| DIRECTIONS |
In the data that follows, how many lines include the string "undercut"? Answer with the number alone.

[Source records]
------

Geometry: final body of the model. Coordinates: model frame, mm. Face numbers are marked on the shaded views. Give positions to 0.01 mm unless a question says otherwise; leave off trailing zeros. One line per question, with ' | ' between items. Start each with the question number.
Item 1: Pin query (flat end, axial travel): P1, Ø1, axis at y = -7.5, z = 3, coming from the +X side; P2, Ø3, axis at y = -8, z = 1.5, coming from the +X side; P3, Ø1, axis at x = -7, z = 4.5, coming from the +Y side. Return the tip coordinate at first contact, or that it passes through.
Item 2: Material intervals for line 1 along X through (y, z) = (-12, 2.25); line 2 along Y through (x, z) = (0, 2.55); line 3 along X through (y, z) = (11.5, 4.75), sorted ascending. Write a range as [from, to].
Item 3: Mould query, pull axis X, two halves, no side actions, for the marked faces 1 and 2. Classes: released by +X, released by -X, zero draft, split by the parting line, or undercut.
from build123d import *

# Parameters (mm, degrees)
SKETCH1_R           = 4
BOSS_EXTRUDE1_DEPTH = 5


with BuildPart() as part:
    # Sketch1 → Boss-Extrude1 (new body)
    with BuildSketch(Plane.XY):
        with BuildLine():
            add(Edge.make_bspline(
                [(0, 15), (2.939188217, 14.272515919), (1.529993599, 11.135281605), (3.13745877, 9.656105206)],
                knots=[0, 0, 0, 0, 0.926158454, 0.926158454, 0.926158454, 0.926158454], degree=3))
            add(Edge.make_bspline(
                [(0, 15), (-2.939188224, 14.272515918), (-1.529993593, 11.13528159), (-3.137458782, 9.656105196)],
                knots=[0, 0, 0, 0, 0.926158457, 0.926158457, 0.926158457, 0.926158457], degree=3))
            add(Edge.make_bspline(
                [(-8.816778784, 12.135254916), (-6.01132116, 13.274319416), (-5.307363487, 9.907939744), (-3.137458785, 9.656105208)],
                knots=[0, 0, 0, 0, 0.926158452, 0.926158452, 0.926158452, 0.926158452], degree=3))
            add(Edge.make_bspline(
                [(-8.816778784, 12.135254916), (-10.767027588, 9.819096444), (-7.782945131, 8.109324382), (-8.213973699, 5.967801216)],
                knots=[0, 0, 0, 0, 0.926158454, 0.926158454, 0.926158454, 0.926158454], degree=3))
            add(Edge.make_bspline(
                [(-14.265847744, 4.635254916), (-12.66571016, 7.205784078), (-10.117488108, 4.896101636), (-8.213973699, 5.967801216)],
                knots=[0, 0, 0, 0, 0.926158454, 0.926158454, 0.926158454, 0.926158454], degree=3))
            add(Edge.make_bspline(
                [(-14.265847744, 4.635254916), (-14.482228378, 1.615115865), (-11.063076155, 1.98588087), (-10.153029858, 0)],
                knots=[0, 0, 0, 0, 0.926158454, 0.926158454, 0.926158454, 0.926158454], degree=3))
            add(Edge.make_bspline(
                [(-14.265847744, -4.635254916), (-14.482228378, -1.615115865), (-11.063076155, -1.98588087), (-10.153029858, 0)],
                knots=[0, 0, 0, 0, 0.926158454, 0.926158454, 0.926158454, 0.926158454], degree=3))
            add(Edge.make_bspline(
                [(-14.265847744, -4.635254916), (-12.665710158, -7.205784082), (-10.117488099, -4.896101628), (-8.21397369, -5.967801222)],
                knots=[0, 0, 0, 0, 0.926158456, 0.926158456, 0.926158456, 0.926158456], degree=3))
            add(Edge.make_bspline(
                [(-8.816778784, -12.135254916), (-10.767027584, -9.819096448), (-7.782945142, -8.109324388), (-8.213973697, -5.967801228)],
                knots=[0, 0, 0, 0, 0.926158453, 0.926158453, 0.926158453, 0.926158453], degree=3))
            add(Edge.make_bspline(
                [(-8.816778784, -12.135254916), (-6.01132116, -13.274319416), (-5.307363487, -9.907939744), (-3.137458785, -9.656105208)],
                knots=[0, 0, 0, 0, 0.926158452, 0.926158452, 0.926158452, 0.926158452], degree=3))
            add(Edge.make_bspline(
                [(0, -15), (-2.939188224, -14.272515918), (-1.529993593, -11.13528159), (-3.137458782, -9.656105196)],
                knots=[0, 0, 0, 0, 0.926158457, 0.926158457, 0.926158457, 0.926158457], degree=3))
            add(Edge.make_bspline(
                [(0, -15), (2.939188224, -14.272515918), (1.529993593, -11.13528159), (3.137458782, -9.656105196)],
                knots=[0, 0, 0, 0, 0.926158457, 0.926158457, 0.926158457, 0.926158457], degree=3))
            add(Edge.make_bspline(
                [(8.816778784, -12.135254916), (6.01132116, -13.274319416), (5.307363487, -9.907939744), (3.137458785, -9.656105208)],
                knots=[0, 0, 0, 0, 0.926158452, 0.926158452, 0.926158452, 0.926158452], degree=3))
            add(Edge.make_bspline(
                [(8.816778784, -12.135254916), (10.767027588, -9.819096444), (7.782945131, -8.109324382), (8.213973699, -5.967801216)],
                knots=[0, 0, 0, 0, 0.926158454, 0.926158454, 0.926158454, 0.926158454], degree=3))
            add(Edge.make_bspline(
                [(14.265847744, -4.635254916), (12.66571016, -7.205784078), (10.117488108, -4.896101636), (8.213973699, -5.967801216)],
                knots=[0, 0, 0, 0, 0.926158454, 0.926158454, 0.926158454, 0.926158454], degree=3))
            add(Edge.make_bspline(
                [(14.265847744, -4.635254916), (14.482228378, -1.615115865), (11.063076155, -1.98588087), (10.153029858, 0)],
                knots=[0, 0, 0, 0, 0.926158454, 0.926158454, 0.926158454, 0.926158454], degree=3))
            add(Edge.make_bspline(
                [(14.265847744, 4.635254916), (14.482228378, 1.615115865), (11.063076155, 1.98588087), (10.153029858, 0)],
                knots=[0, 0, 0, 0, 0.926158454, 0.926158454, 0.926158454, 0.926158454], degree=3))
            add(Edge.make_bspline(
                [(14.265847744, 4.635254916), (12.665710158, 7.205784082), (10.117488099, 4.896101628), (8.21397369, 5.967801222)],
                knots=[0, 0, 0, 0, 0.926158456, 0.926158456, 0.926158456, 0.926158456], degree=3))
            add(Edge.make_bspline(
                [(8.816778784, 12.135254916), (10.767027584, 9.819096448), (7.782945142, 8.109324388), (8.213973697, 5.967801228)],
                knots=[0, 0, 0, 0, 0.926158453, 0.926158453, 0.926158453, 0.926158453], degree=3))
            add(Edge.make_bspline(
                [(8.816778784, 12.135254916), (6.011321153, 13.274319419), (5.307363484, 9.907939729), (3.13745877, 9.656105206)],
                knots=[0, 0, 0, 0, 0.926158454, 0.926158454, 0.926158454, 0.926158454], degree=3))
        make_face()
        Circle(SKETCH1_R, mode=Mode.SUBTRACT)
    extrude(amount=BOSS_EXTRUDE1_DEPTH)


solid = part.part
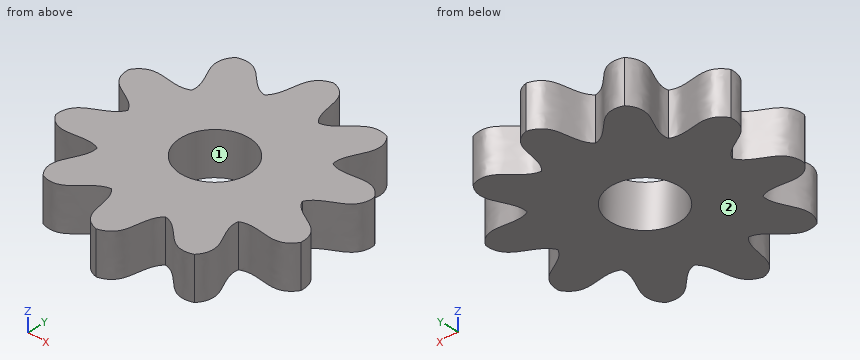
Result sheet:
1) P1: stops at x = 8.61 | P2: stops at x = 9.3 | P3: stops at y = 12.36
2) line 1: x = [-8.93, -6.49], [-2.18, 2.18], [6.49, 8.93] | line 2: y = [-15, -4], [4, 15] | line 3: x = [-9.24, -5.83], [-2.27, 2.27], [5.83, 9.24]
3) face 1: undercut | face 2: zero draft

------

| SOLUTION FOR THIS PROBLEM |
2